Date : Friday, July 03, 2009
Time : 2:13 AM

phew. took about 3 hours to calm myself down. ha. got vast improvement ok. was so damn moody because someone ps me and i was so looking forward to it. i'm going to call it off.

so that day she asked, why is it that people are still not used to her working. i thought i'm already used to it but in fact, i'm not! haha. but i'm already trying very hard le what. only called twice with no answer, smsed 3 to 4 times and drop by for awhile only for about past two weeks. furthermore, big or small stuffs that happened for the week i also kept them to myself. let's keep it this way.

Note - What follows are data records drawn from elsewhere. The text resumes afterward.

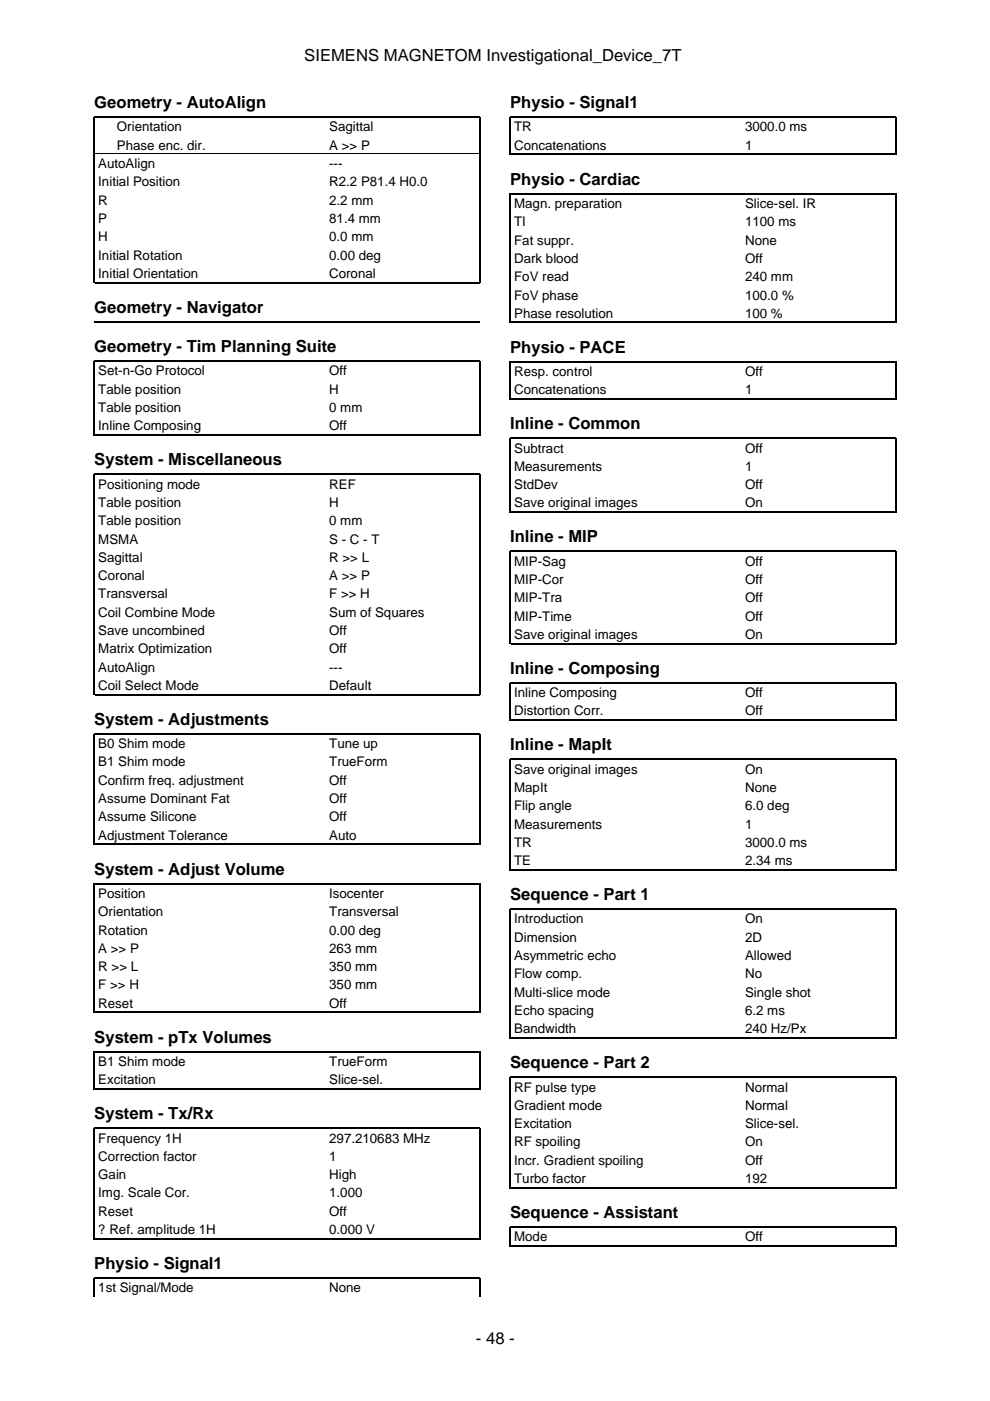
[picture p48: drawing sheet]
<svg xmlns="http://www.w3.org/2000/svg" width="210mm" height="297mm" viewBox="0 0 210 297" stroke-linecap="round" stroke-linejoin="round" font-family="sans-serif">
<defs><g id="words">
<g font-size="3.5">
<text x="64.5" y="12.9">SIEMENS MAGNETOM Investigational_Device_7T</text>
<text x="20" y="22.9">Geometry - AutoAlign</text>
<text x="108.2" y="22.9">Physio - Signal1</text>
<text x="108.2" y="39.2">Physio - Cardiac</text>
<text x="20" y="66.3">Geometry - Navigator</text>
<text x="20" y="74.7">Geometry - Tim Planning Suite</text>
<text x="108.2" y="74.8">Physio - PACE</text>
<text x="108.2" y="91">Inline - Common</text>
<text x="20" y="98.7">System - Miscellaneous</text>
<text x="108.2" y="115">Inline - MIP</text>
<text x="108.2" y="142.9">Inline - Composing</text>
<text x="20" y="153.7">System - Adjustments</text>
<text x="108.2" y="159.1">Inline - MapIt</text>
<text x="20" y="185.4">System - Adjust Volume</text>
<text x="108.2" y="190.9">Sequence - Part 1</text>
<text x="20" y="221.1">System - pTx Volumes</text>
<text x="108.2" y="226.5">Sequence - Part 2</text>
<text x="20" y="237.3">System - Tx/Rx</text>
<text x="108.2" y="258.2">Sequence - Assistant</text>
<text x="20" y="269">Physio - Signal1</text>
<text x="100.9" y="284.9">- 48 -</text>
</g>
<g font-size="2.8">
<text x="24.8" y="27.9">Orientation</text>
<text x="69.8" y="27.9">Sagittal</text>
<text x="109" y="27.9">TR</text>
<text x="158" y="27.9">3000.0 ms</text>
<text x="20.8" y="35.6">AutoAlign</text>
<text x="24.8" y="31.7">Phase enc. dir.</text>
<text x="69.8" y="31.7">A &gt;&gt; P</text>
<text x="69.8" y="35.6">---</text>
<text x="109" y="31.7">Concatenations</text>
<text x="158" y="31.7">1</text>
<text x="20.8" y="39.5">Initial Position</text>
<text x="69.8" y="39.5">R2.2 P81.4 H0.0</text>
<text x="20.8" y="43.4">R</text>
<text x="20.8" y="47.3">P</text>
<text x="69.8" y="43.4">2.2 mm</text>
<text x="69.8" y="47.3">81.4 mm</text>
<text x="109" y="44.1">Magn. preparation</text>
<text x="109" y="48">TI</text>
<text x="158" y="44.1">Slice-sel. IR</text>
<text x="158" y="48">1100 ms</text>
<text x="20.8" y="51.2">H</text>
<text x="69.8" y="51.2">0.0 mm</text>
<text x="109" y="51.9">Fat suppr.</text>
<text x="158" y="51.9">None</text>
<text x="20.8" y="55">Initial Rotation</text>
<text x="20.8" y="58.9">Initial Orientation</text>
<text x="69.8" y="55">0.00 deg</text>
<text x="69.8" y="58.9">Coronal</text>
<text x="109" y="55.7">Dark blood</text>
<text x="109" y="59.6">FoV read</text>
<text x="158" y="55.7">Off</text>
<text x="158" y="59.6">240 mm</text>
<text x="109" y="63.5">FoV phase</text>
<text x="158" y="63.5">100.0 %</text>
<text x="109" y="67.4">Phase resolution</text>
<text x="158" y="67.4">100 %</text>
<text x="20.8" y="79.6">Set-n-Go Protocol</text>
<text x="20.8" y="83.5">Table position</text>
<text x="69.8" y="79.6">Off</text>
<text x="69.8" y="83.5">H</text>
<text x="109" y="79.7">Resp. control</text>
<text x="109" y="83.6">Concatenations</text>
<text x="158" y="79.7">Off</text>
<text x="158" y="83.6">1</text>
<text x="20.8" y="87.4">Table position</text>
<text x="69.8" y="87.4">0 mm</text>
<text x="20.8" y="91.2">Inline Composing</text>
<text x="69.8" y="91.2">Off</text>
<text x="109" y="96">Subtract</text>
<text x="158" y="96">Off</text>
<text x="109" y="99.8">Measurements</text>
<text x="158" y="99.8">1</text>
<text x="20.8" y="103.6">Positioning mode</text>
<text x="20.8" y="107.5">Table position</text>
<text x="69.8" y="103.6">REF</text>
<text x="69.8" y="107.5">H</text>
<text x="109" y="103.7">StdDev</text>
<text x="109" y="107.6">Save original images</text>
<text x="158" y="103.7">Off</text>
<text x="158" y="107.6">On</text>
<text x="20.8" y="111.4">Table position</text>
<text x="69.8" y="111.4">0 mm</text>
<text x="20.8" y="115.2">MSMA</text>
<text x="20.8" y="119.1">Sagittal</text>
<text x="69.8" y="115.2">S - C - T</text>
<text x="69.8" y="119.1">R &gt;&gt; L</text>
<text x="109" y="119.9">MIP-Sag</text>
<text x="158" y="119.9">Off</text>
<text x="20.8" y="123">Coronal</text>
<text x="69.8" y="123">A &gt;&gt; P</text>
<text x="109" y="123.8">MIP-Cor</text>
<text x="158" y="123.8">Off</text>
<text x="20.8" y="126.9">Transversal</text>
<text x="20.8" y="130.8">Coil Combine Mode</text>
<text x="69.8" y="126.9">F &gt;&gt; H</text>
<text x="69.8" y="130.8">Sum of Squares</text>
<text x="109" y="127.7">MIP-Tra</text>
<text x="109" y="131.6">MIP-Time</text>
<text x="158" y="127.7">Off</text>
<text x="158" y="131.6">Off</text>
<text x="20.8" y="134.6">Save uncombined</text>
<text x="69.8" y="134.6">Off</text>
<text x="109" y="135.5">Save original images</text>
<text x="158" y="135.5">On</text>
<text x="20.8" y="138.5">Matrix Optimization</text>
<text x="20.8" y="142.4">AutoAlign</text>
<text x="69.8" y="138.5">Off</text>
<text x="69.8" y="142.4">---</text>
<text x="20.8" y="146.3">Coil Select Mode</text>
<text x="69.8" y="146.3">Default</text>
<text x="109" y="147.8">Inline Composing</text>
<text x="158" y="147.8">Off</text>
<text x="109" y="151.7">Distortion Corr.</text>
<text x="158" y="151.7">Off</text>
<text x="20.8" y="158.6">B0 Shim mode</text>
<text x="69.8" y="158.6">Tune up</text>
<text x="20.8" y="162.5">B1 Shim mode</text>
<text x="20.8" y="166.4">Confirm freq. adjustment</text>
<text x="69.8" y="162.5">TrueForm</text>
<text x="69.8" y="166.4">Off</text>
<text x="109" y="164">Save original images</text>
<text x="109" y="167.9">MapIt</text>
<text x="158" y="164">On</text>
<text x="158" y="167.9">None</text>
<text x="20.8" y="170.3">Assume Dominant Fat</text>
<text x="69.8" y="170.3">Off</text>
<text x="109" y="171.8">Flip angle</text>
<text x="158" y="171.8">6.0 deg</text>
<text x="20.8" y="174.1">Assume Silicone</text>
<text x="20.8" y="178">Adjustment Tolerance</text>
<text x="69.8" y="174.1">Off</text>
<text x="69.8" y="178">Auto</text>
<text x="109" y="175.7">Measurements</text>
<text x="109" y="179.6">TR</text>
<text x="158" y="175.7">1</text>
<text x="158" y="179.6">3000.0 ms</text>
<text x="109" y="183.4">TE</text>
<text x="158" y="183.4">2.34 ms</text>
<text x="20.8" y="190.4">Position</text>
<text x="69.8" y="190.4">Isocenter</text>
<text x="20.8" y="194.3">Orientation</text>
<text x="69.8" y="194.3">Transversal</text>
<text x="109" y="195.8">Introduction</text>
<text x="158" y="195.8">On</text>
<text x="20.8" y="198.1">Rotation</text>
<text x="20.8" y="202">A &gt;&gt; P</text>
<text x="69.8" y="198.1">0.00 deg</text>
<text x="69.8" y="202">263 mm</text>
<text x="109" y="199.7">Dimension</text>
<text x="109" y="203.6">Asymmetric echo</text>
<text x="158" y="199.7">2D</text>
<text x="158" y="203.6">Allowed</text>
<text x="20.8" y="205.9">R &gt;&gt; L</text>
<text x="20.8" y="209.8">F &gt;&gt; H</text>
<text x="69.8" y="205.9">350 mm</text>
<text x="69.8" y="209.8">350 mm</text>
<text x="109" y="207.4">Flow comp.</text>
<text x="158" y="207.4">No</text>
<text x="20.8" y="213.7">Reset</text>
<text x="69.8" y="213.7">Off</text>
<text x="109" y="211.3">Multi-slice mode</text>
<text x="109" y="215.2">Echo spacing</text>
<text x="158" y="211.3">Single shot</text>
<text x="158" y="215.2">6.2 ms</text>
<text x="109" y="219.1">Bandwidth</text>
<text x="158" y="219.1">240 Hz/Px</text>
<text x="20.8" y="226">B1 Shim mode</text>
<text x="69.8" y="226">TrueForm</text>
<text x="20.8" y="229.9">Excitation</text>
<text x="69.8" y="229.9">Slice-sel.</text>
<text x="109" y="231.4">RF pulse type</text>
<text x="158" y="231.4">Normal</text>
<text x="109" y="235.3">Gradient mode</text>
<text x="109" y="239.2">Excitation</text>
<text x="158" y="235.3">Normal</text>
<text x="158" y="239.2">Slice-sel.</text>
<text x="20.8" y="242.2">Frequency 1H</text>
<text x="69.8" y="242.2">297.210683 MHz</text>
<text x="109" y="243.1">RF spoiling</text>
<text x="158" y="243.1">On</text>
<text x="20.8" y="246.1">Correction factor</text>
<text x="20.8" y="250">Gain</text>
<text x="69.8" y="246.1">1</text>
<text x="69.8" y="250">High</text>
<text x="109" y="246.9">Incr. Gradient spoiling</text>
<text x="109" y="250.8">Turbo factor</text>
<text x="158" y="246.9">Off</text>
<text x="158" y="250.8">192</text>
<text x="20.8" y="253.9">Img. Scale Cor.</text>
<text x="20.8" y="257.8">Reset</text>
<text x="69.8" y="253.9">1.000</text>
<text x="69.8" y="257.8">Off</text>
<text x="20.8" y="261.6">? Ref. amplitude 1H</text>
<text x="69.8" y="261.6">0.000 V</text>
<text x="109" y="263.2">Mode</text>
<text x="158" y="263.2">Off</text>
<text x="20.8" y="274">1st Signal/Mode</text>
<text x="69.8" y="274">None</text>
</g>
</g></defs>
<g fill="none" stroke="#000" stroke-width=".26">
<path d="M108.2 32.9v-8.1h81.8v8.1M108.3 32.7h81.6M20.1 59.9h81.6M20 68.3h81.8M20 60.1v-35.3h81.8v35.3M108.2 68.5v-27.4h81.8v27.4M108.3 68.4h81.6M20 92.4v-15.8h81.8v15.8M20.1 92.2h81.6M108.2 84.7v-8h81.8v8M108.3 84.6h81.6M108.2 108.7v-15.8h81.8v15.8"/>
<path d="M108.3 108.6h81.6M108.2 136.6v-19.7h81.8v19.7M108.3 136.5h81.6M20 147.4v-46.8h81.8v46.8M20.1 147.3h81.6M108.2 152.8v-8h81.8v8M108.3 152.7h81.6M20 179.2v-23.6h81.8v23.6M20.1 179h81.6M108.2 184.6v-23.6h81.8v23.6M108.3 184.4h81.6M20 214.8v-27.4h81.8v27.4"/>
<path d="M20.1 214.7h81.6M20 231v-8h81.8v8M20.1 230.9h81.6M108.2 220.2v-27.4h81.8v27.4M108.3 220.1h81.6M108.2 251.9v-23.5h81.8v23.5M108.3 251.8h81.6M20 262.8v-23.6h81.8v23.6M20 274.9v-3.9h81.8v3.9M20.1 262.6h81.6M108.2 264.3v-4.2h81.8v4.2M108.3 264.2h81.6"/>
</g>
<path d="M20.1 32.6h81.6" fill="none" stroke="#000" stroke-width=".21"/>
<use href="#words"/>
</svg>

quite sure she'll disrupt my 'training' when august comes. ha. see how.







work and bf are two things that i pretty dislike. work and bf almost equal to no time for other things. ha. that's why i don't like to go work now and very sians of guys.



totally sian. dun dare to spend my pay now. 'cause i seldom go work. haha. don't feel like that pay belongs to me even though it is just a small amount. feels so.. 'fake'. i'm so scare of spending money not mine now. phobia. rather go starving than spending a cent out of it. even got the phobia of letting my mum pay for my sch fee. maybe over-independent results in it ba. the main thing that has been creating heavoc in me nowadays. FREAK.









great. moody makes me procrastinated my work. it is 230am now. hais. will sleep at 3 plus again. tml continue to be sian and be zombie.